Most immediately, the aftershocks of the COVID-19 pandemic — including profound economic dislocation, social isolation and distrust of elites — provide grievances that the Kremlin can leverage to disseminate right-wing narratives to subvert Western solidarity.

In the long-term, Russia will be also able to exploit persistent political, economic and social frictions — such as wedge issues like national identity, race and immigration — to promote various right-wing actors that sow discord in Western societies and offer space for Russia to insert its influence.

  • Last year, numerous security services and nongovernmental organizations reported that Moscow was using the COVID-19 pandemic to discredit Western governments' policies and performance, contrasting them with positive portrayals of Russia's response to the health crisis.

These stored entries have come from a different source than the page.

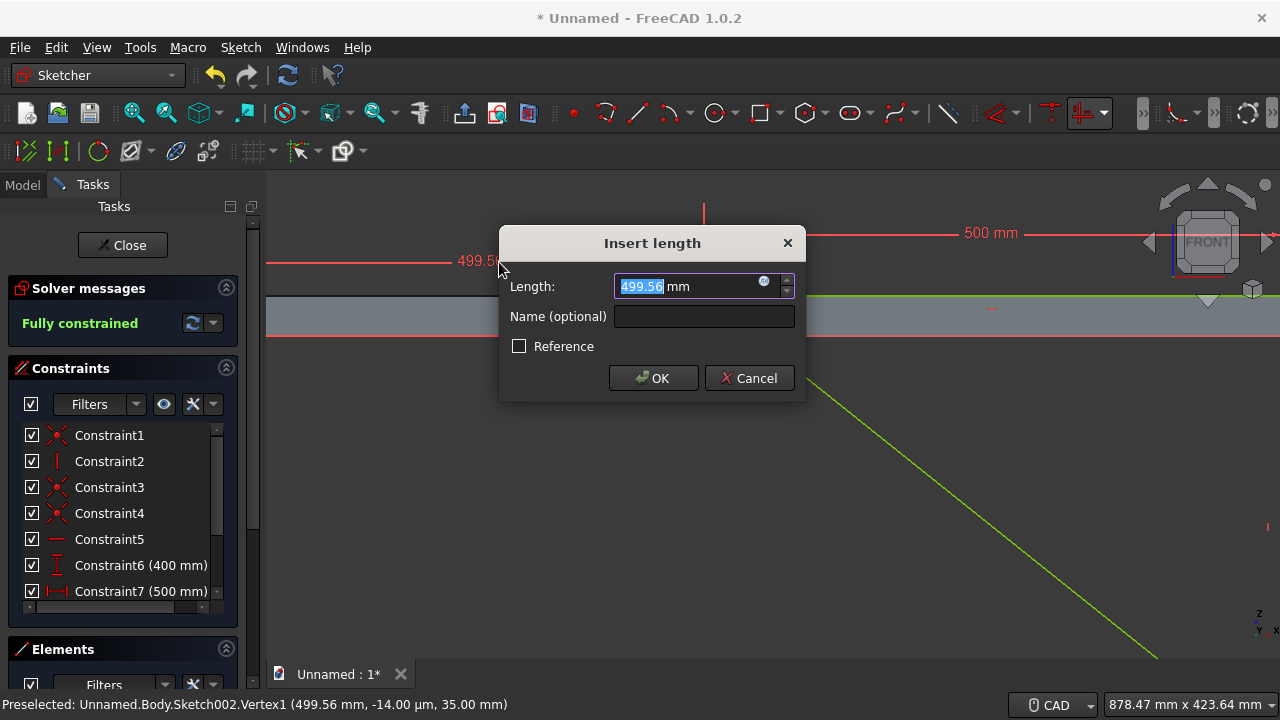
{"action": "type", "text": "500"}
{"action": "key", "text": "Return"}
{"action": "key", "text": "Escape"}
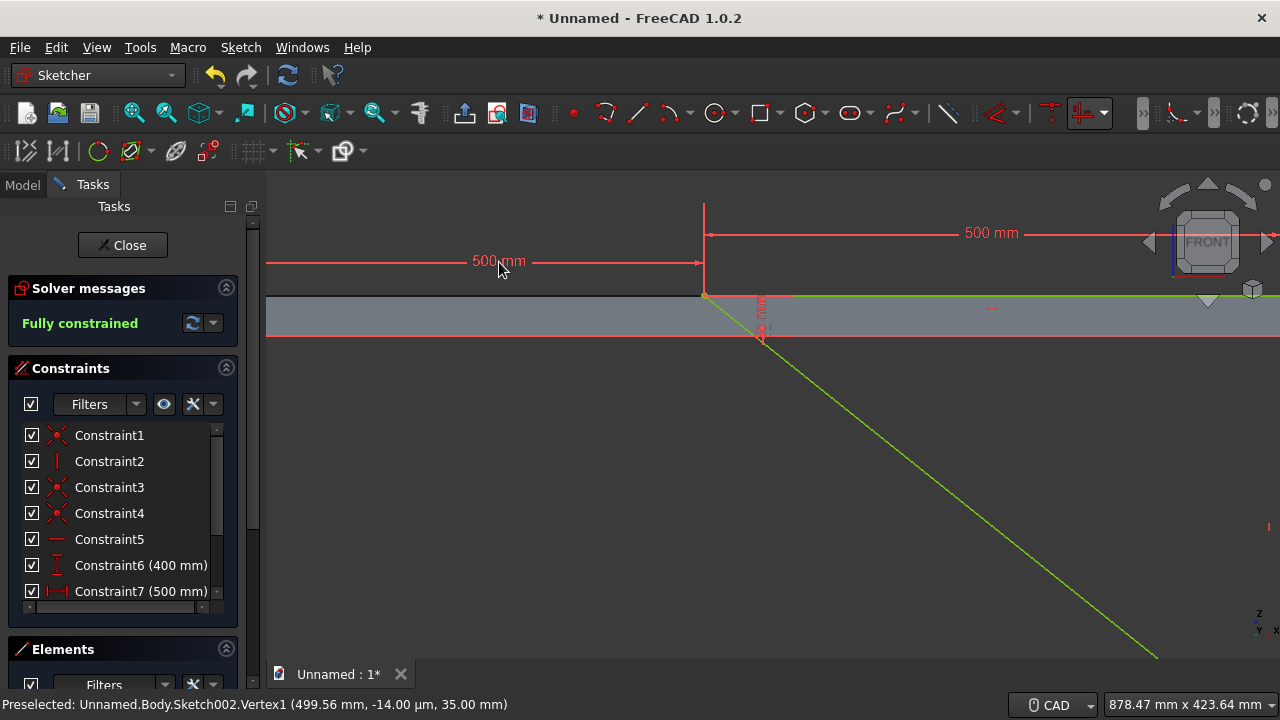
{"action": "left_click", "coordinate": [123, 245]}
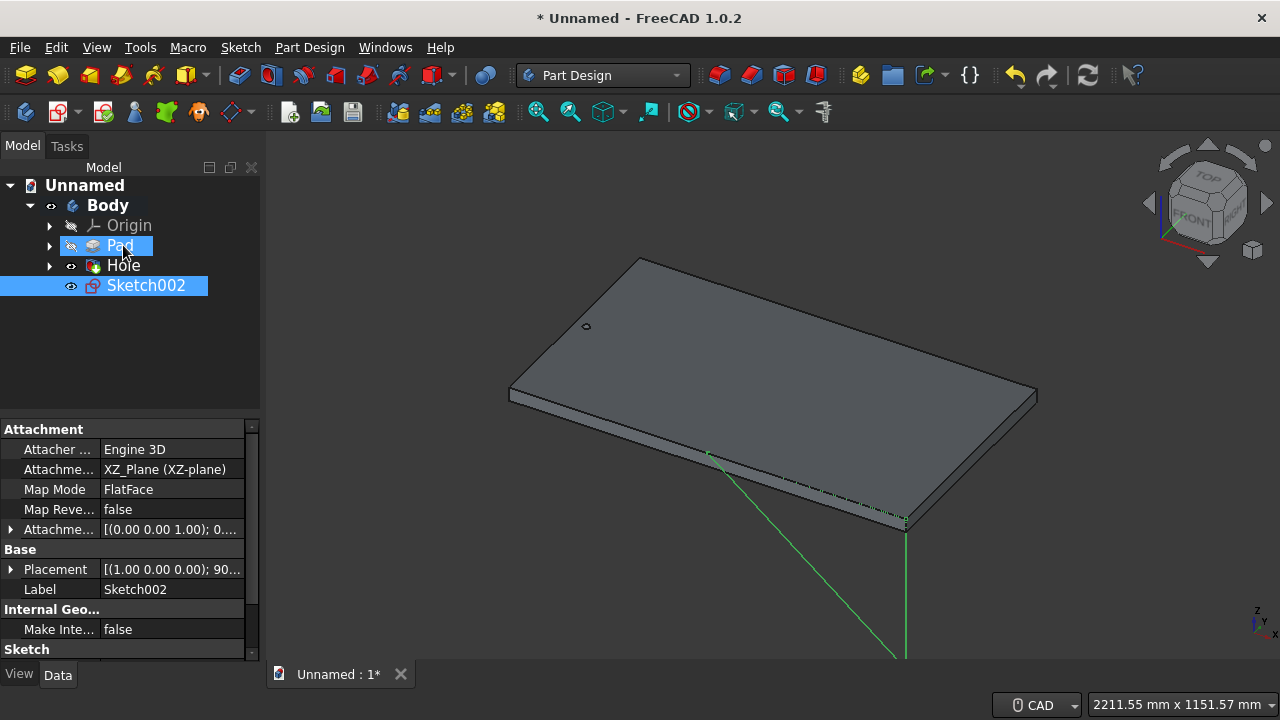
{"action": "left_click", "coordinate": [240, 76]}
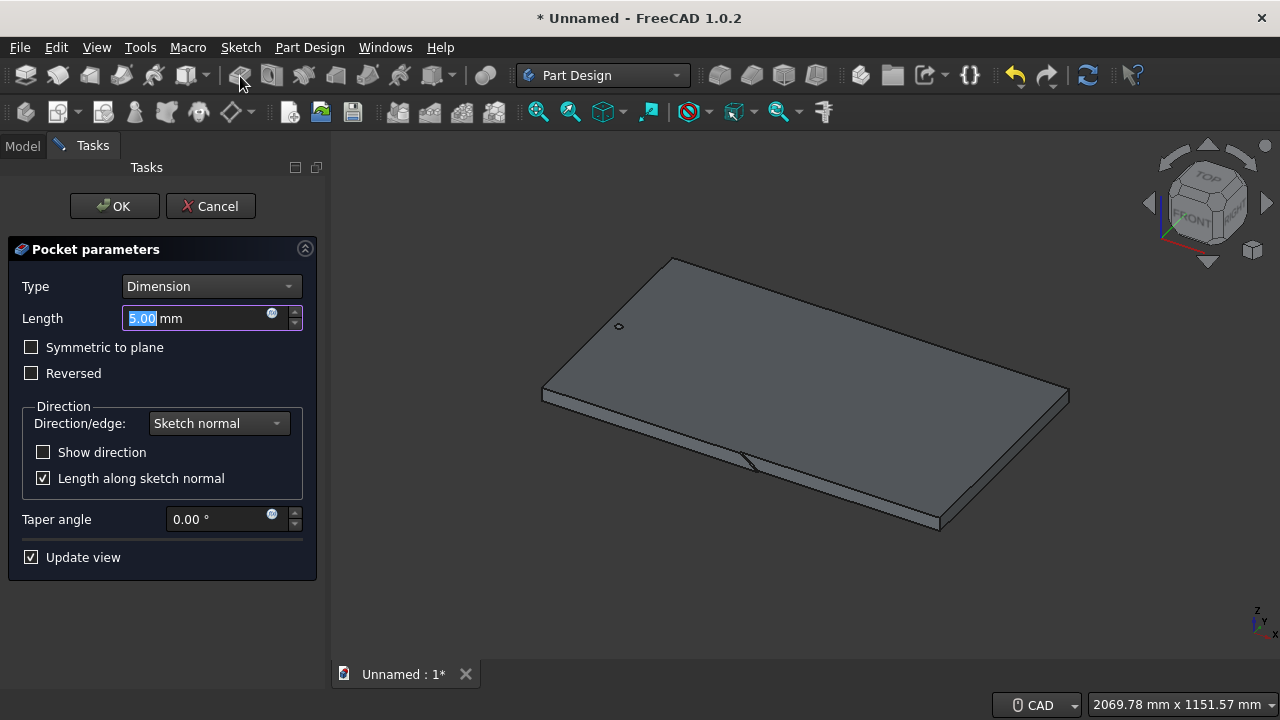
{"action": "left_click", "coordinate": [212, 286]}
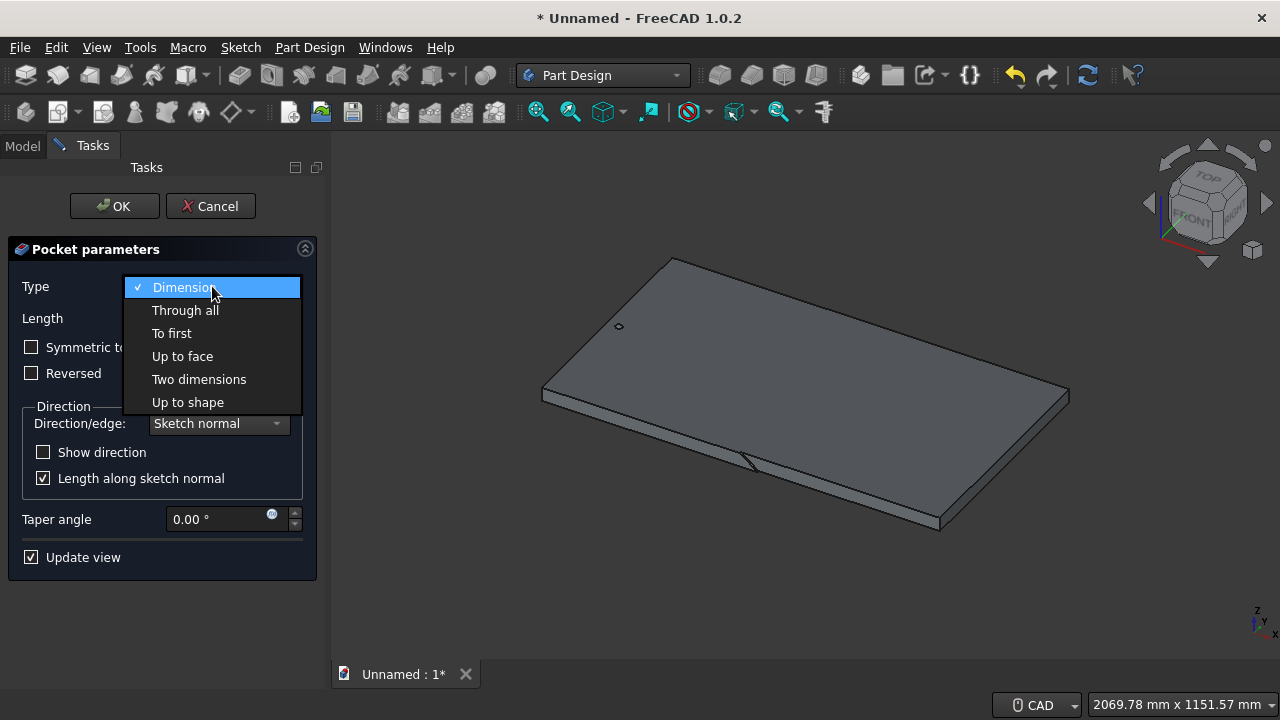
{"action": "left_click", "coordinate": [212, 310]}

  • Earlier this month, the United States announced sanctions against seven Ukrainian individuals and companies that were allegedly part of a "Russian-linked foreign influence network" led by an "active Russian agent" to feed disinformation to U.S. citizens designed to influence the 2020 presidential election.
  • The violent siege of the US Capitol also demonstrates the extent of polarization that Russia can use to its advantage, including to build on existing online propaganda efforts to inflame domestic societal disputes.